June 26th marked the first time the company and its partners have undertaken test flight and test firing on the same day. Both milestones prime Virgin Galactic to reach powered flight by the end of the year.

“Since receiving an experimental launch permit from the Federal Aviation Administration in May for SpaceShipTwo and its carrier vehicle, WhiteKnightTwo, there has been a rapid escalation of test activity,” said George Whitesides, CEO and president of Virgin Galactic. “In that timeframe, we’ve had seven successful test flights and three full-scale rocket motor tests. We are on track for powered flight by the end of 2012.”

The glide flight was performed by Scaled Composites, the prime contractor for the spaceflight system. To perform the flight, SS2 was air-released from WhiteKnightTwo (WK2) at an altitude of 51,000 feet. At the SS2 controls were Scaled pilots Pete Siebold and Mike Alsbury. In the carrier aircraft were Scaled test pilot Mark Stucky and David Mackay, Virgin Galactic’s Chief Pilot. Flying in the chase plane for the test were Mike Melvill, who piloted the first private flight to space, and Virgin Galactic pilot Keith Colmer.

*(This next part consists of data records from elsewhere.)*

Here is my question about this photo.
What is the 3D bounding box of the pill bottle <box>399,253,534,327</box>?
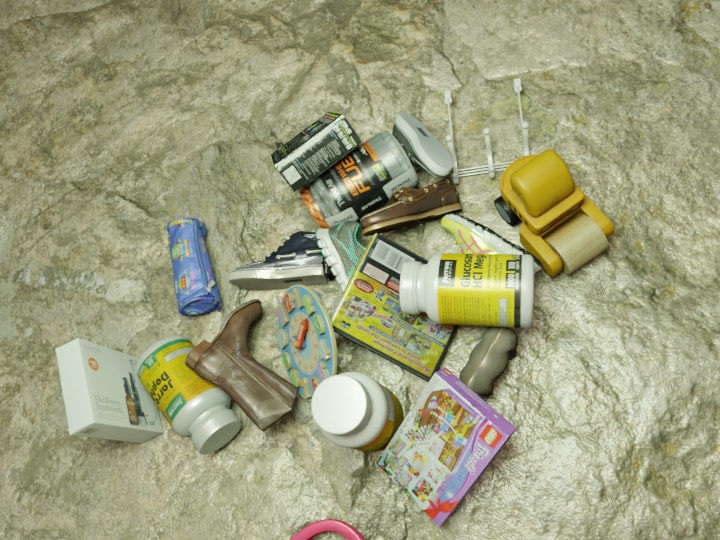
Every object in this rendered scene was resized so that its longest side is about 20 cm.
[{"bbox_3d":[0.167,0.030,0.917,0.199,0.112,0.113,1,71,15],"label":"pill bottle"}]

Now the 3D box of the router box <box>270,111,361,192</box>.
[{"bbox_3d":[-0.089,-0.228,1.101,0.150,0.200,0.062,-37,110,2],"label":"router box"}]

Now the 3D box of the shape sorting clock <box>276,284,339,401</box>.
[{"bbox_3d":[-0.096,0.123,0.990,0.039,0.200,0.200,-3,63,-31],"label":"shape sorting clock"}]

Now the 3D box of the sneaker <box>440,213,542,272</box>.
[{"bbox_3d":[0.205,-0.028,1.005,0.200,0.078,0.090,40,108,35],"label":"sneaker"}]

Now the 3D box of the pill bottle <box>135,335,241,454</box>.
[{"bbox_3d":[-0.301,0.220,1.037,0.113,0.113,0.200,-43,66,-2],"label":"pill bottle"}]

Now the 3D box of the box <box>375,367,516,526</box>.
[{"bbox_3d":[0.124,0.267,0.889,0.137,0.039,0.200,40,116,24],"label":"box"}]

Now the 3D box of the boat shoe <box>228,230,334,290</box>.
[{"bbox_3d":[-0.148,-0.020,1.106,0.199,0.075,0.093,-3,69,5],"label":"boat shoe"}]

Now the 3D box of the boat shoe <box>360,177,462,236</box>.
[{"bbox_3d":[0.085,-0.114,1.038,0.200,0.070,0.071,-17,87,-24],"label":"boat shoe"}]

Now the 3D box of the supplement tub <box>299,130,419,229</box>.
[{"bbox_3d":[-0.004,-0.157,1.082,0.200,0.123,0.123,-33,66,3],"label":"supplement tub"}]

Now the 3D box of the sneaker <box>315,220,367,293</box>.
[{"bbox_3d":[0.000,0.000,1.030,0.091,0.078,0.200,-28,89,3],"label":"sneaker"}]

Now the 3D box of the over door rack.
[{"bbox_3d":[0.232,-0.266,1.084,0.147,0.067,0.201,-6,70,13],"label":"over door rack"}]

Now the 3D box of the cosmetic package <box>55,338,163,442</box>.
[{"bbox_3d":[-0.436,0.216,1.029,0.052,0.200,0.151,-27,67,4],"label":"cosmetic package"}]

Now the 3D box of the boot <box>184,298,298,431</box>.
[{"bbox_3d":[-0.170,0.161,1.019,0.200,0.064,0.186,32,57,17],"label":"boot"}]

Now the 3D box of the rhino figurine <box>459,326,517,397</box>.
[{"bbox_3d":[0.188,0.169,0.930,0.060,0.087,0.200,29,81,23],"label":"rhino figurine"}]

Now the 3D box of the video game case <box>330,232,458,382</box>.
[{"bbox_3d":[0.070,0.061,0.991,0.200,0.026,0.181,28,79,-5],"label":"video game case"}]

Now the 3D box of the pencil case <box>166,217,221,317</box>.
[{"bbox_3d":[-0.326,-0.009,1.144,0.087,0.078,0.201,-33,62,35],"label":"pencil case"}]

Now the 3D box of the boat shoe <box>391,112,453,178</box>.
[{"bbox_3d":[0.110,-0.221,1.083,0.057,0.068,0.200,-62,34,31],"label":"boat shoe"}]

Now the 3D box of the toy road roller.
[{"bbox_3d":[0.311,-0.104,0.960,0.123,0.146,0.200,-35,65,2],"label":"toy road roller"}]

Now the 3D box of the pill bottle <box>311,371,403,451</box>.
[{"bbox_3d":[-0.005,0.218,0.905,0.111,0.200,0.111,-5,70,14],"label":"pill bottle"}]

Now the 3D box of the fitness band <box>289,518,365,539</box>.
[{"bbox_3d":[-0.070,0.487,0.921,0.200,0.037,0.144,-43,68,-1],"label":"fitness band"}]
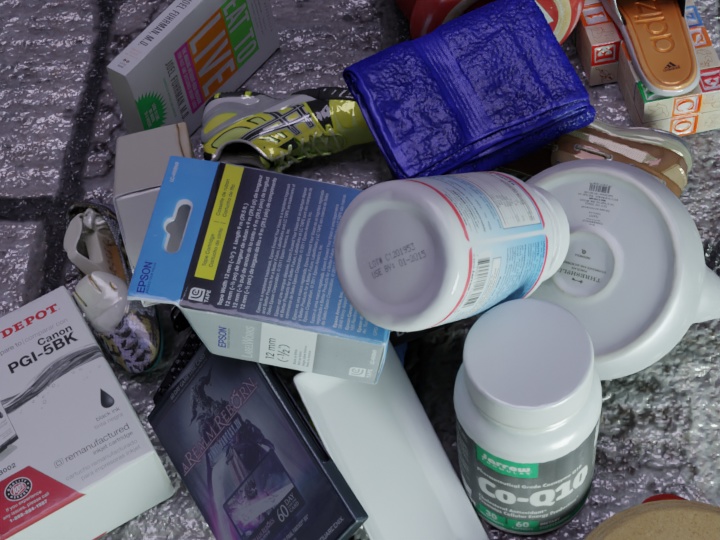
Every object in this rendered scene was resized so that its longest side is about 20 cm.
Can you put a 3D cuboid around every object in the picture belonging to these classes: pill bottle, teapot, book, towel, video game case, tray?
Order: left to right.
[{"bbox_3d":[-0.167,-0.219,1.357,0.048,0.134,0.200,28,63,23],"label":"book"},{"bbox_3d":[-0.088,0.154,1.076,0.019,0.143,0.200,-8,55,-49],"label":"video game case"},{"bbox_3d":[0.023,0.158,1.074,0.107,0.022,0.201,-23,85,-39],"label":"tray"},{"bbox_3d":[0.078,-0.019,1.019,0.109,0.109,0.200,36,24,27],"label":"pill bottle"},{"bbox_3d":[0.100,-0.161,1.225,0.199,0.050,0.148,-25,80,-11],"label":"towel"},{"bbox_3d":[0.129,0.115,1.048,0.112,0.200,0.114,-3,55,5],"label":"pill bottle"},{"bbox_3d":[0.202,0.003,1.160,0.197,0.146,0.201,-35,73,15],"label":"teapot"}]

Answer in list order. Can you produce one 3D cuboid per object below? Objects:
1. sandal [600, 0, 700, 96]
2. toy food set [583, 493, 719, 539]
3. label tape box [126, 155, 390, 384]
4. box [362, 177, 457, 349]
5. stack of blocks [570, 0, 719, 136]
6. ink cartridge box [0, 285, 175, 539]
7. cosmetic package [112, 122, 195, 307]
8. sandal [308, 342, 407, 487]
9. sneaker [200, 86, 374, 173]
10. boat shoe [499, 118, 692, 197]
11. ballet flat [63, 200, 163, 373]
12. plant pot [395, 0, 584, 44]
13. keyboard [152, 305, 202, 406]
[{"bbox_3d":[0.283,-0.260,1.305,0.079,0.059,0.208,-13,55,-2],"label":"sandal"},{"bbox_3d":[0.248,0.262,1.025,0.199,0.049,0.199,-23,55,-9],"label":"toy food set"},{"bbox_3d":[-0.069,-0.002,1.064,0.199,0.066,0.144,10,55,2],"label":"label tape box"},{"bbox_3d":[0.000,0.000,1.191,0.157,0.050,0.200,-21,31,-7],"label":"box"},{"bbox_3d":[0.282,-0.225,1.354,0.114,0.059,0.201,-11,55,-1],"label":"stack of blocks"},{"bbox_3d":[-0.270,0.133,1.154,0.146,0.083,0.200,-29,57,-13],"label":"ink cartridge box"},{"bbox_3d":[-0.175,-0.056,1.208,0.073,0.104,0.200,-14,22,-5],"label":"cosmetic package"},{"bbox_3d":[0.002,0.134,1.138,0.087,0.079,0.201,35,50,-15],"label":"sandal"},{"bbox_3d":[-0.062,-0.130,1.329,0.199,0.075,0.077,-3,62,18],"label":"sneaker"},{"bbox_3d":[0.209,-0.099,1.268,0.199,0.076,0.072,7,58,13],"label":"boat shoe"},{"bbox_3d":[-0.237,0.010,1.237,0.072,0.072,0.201,-19,51,-7],"label":"ballet flat"},{"bbox_3d":[0.119,-0.309,1.348,0.199,0.201,0.183,-12,57,-2],"label":"plant pot"},{"bbox_3d":[-0.132,0.035,1.183,0.201,0.040,0.104,-60,31,-6],"label":"keyboard"}]
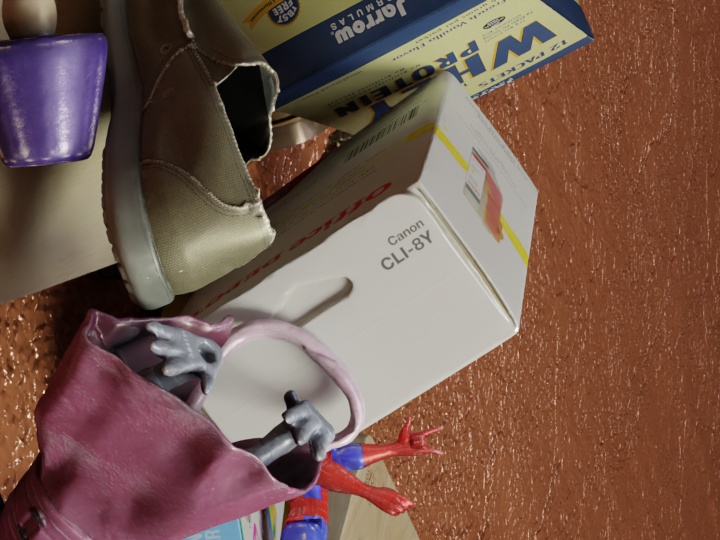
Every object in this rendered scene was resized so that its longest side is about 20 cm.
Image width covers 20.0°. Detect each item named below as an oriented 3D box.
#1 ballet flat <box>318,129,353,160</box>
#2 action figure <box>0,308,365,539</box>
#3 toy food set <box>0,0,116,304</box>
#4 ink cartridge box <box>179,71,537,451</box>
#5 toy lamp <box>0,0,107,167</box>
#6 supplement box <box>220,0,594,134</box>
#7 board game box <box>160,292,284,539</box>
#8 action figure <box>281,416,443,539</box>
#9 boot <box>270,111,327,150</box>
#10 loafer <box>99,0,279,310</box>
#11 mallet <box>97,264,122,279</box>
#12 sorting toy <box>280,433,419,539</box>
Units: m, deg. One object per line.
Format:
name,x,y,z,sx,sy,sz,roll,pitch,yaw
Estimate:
ballet flat,-0.011,-0.010,1.207,0.064,0.076,0.200,-54,159,-38
action figure,-0.117,0.091,0.831,0.134,0.200,0.149,48,25,0
toy food set,-0.148,-0.068,0.869,0.200,0.060,0.144,-25,110,-60
ink cartridge box,0.000,0.000,0.953,0.083,0.145,0.200,53,17,-11
toy lamp,-0.131,-0.140,0.782,0.058,0.058,0.200,-25,110,-68
supplement box,0.002,-0.190,1.042,0.200,0.134,0.200,67,16,9
board game box,-0.071,0.086,1.038,0.200,0.040,0.153,-86,170,-66
action figure,-0.001,0.140,1.019,0.065,0.099,0.200,74,9,-75
boot,-0.021,-0.148,1.202,0.200,0.074,0.076,-55,132,-53
loafer,-0.066,-0.069,0.837,0.075,0.070,0.200,75,7,-51
mallet,-0.118,-0.095,0.980,0.066,0.041,0.200,-5,100,-74
sorting toy,-0.025,0.231,1.224,0.199,0.070,0.200,67,31,-50
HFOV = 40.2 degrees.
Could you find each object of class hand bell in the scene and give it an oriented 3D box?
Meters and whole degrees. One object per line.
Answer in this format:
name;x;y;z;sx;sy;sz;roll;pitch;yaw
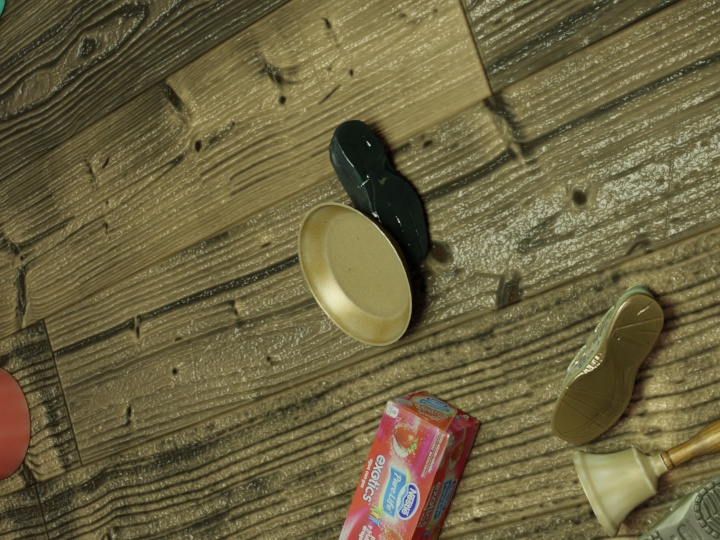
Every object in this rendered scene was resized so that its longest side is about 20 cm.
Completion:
hand bell;0.348;0.208;1.091;0.198;0.104;0.105;-28;78;15

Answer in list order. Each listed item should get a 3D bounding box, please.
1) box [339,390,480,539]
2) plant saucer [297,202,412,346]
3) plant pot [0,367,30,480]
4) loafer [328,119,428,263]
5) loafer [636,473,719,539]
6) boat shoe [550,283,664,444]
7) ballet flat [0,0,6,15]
box;0.062;0.265;1.238;0.095;0.099;0.202;25;103;27
plant saucer;0.000;0.000;1.269;0.199;0.035;0.202;27;132;34
plant pot;-0.679;0.268;1.632;0.198;0.177;0.203;1;93;30
loafer;0.023;-0.096;1.281;0.202;0.072;0.072;63;156;6
loafer;0.375;0.273;1.077;0.199;0.067;0.077;-34;78;11
boat shoe;0.284;0.110;1.134;0.073;0.063;0.201;29;110;-1
ballet flat;-0.626;-0.484;1.649;0.072;0.067;0.202;41;112;44
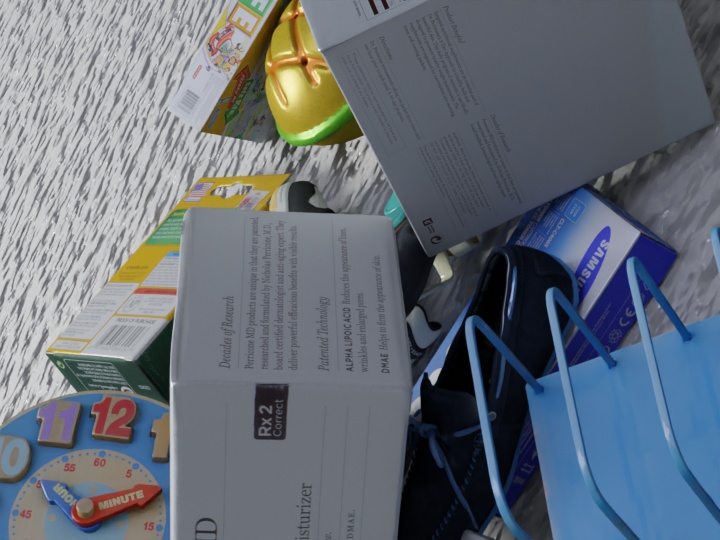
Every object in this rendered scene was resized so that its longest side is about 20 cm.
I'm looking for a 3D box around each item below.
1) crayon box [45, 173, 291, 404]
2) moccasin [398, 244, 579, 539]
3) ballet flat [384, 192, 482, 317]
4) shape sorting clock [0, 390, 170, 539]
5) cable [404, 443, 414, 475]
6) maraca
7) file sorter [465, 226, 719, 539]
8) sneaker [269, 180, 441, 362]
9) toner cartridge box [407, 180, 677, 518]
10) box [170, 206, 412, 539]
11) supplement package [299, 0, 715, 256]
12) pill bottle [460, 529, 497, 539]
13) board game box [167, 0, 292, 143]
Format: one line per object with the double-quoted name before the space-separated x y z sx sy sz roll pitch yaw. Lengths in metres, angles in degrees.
"crayon box" -0.134 0.012 1.383 0.125 0.052 0.200 1 45 50
"moccasin" 0.059 0.077 1.084 0.080 0.068 0.202 16 84 50
"ballet flat" 0.044 -0.027 1.210 0.073 0.073 0.200 -30 15 37
"shape sorting clock" -0.182 0.167 1.202 0.197 0.039 0.202 -1 52 1
"cable" 0.010 0.187 1.185 0.097 0.050 0.201 -32 39 28
"maraca" 0.002 -0.177 1.323 0.201 0.107 0.137 -54 33 7
"file sorter" 0.170 0.067 0.942 0.198 0.123 0.140 -21 54 18
"sneaker" 0.000 0.000 1.275 0.087 0.076 0.201 -35 48 11
"toner cartridge box" 0.106 0.045 1.135 0.201 0.043 0.095 -58 41 10
"box" -0.045 0.096 1.057 0.201 0.129 0.201 -95 7 -60
"supplement package" 0.081 -0.154 1.097 0.198 0.192 0.148 -25 46 5
"pill bottle" 0.063 0.256 1.023 0.108 0.108 0.202 15 83 51
"board game box" -0.060 -0.195 1.388 0.034 0.134 0.201 34 100 14
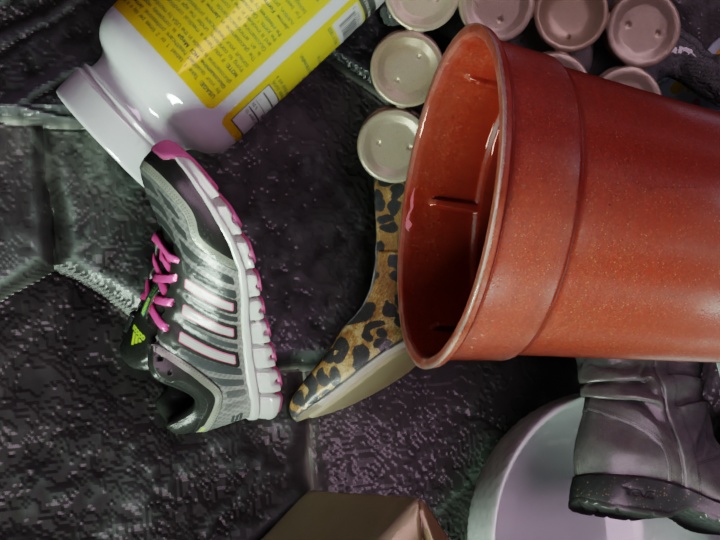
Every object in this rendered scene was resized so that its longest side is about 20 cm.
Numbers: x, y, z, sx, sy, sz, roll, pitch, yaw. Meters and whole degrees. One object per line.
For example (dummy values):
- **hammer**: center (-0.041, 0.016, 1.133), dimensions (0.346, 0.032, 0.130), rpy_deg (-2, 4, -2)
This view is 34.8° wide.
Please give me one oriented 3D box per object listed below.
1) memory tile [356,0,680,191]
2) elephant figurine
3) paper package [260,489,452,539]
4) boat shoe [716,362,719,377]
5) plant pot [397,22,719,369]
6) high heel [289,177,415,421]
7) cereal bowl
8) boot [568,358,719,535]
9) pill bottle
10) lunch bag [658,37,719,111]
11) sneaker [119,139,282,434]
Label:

The rocket motor firing was performed by Sierra Nevada Space Systems, the prime contractor for the RM2 system. The 55-second test was the thirteenth full-scale flight design RM2 hot fire. All objectives were completed. In addition to this test, on June 20 a full-scale RM2 test firing took place for the first time at Scaled Composites’ test site in Mojave, Calif., under full direction of the spaceship’s Rocket Motor Controller. This firing provided an end-to-end test of the rocket motor systems – a critical step in preparation for powered flight.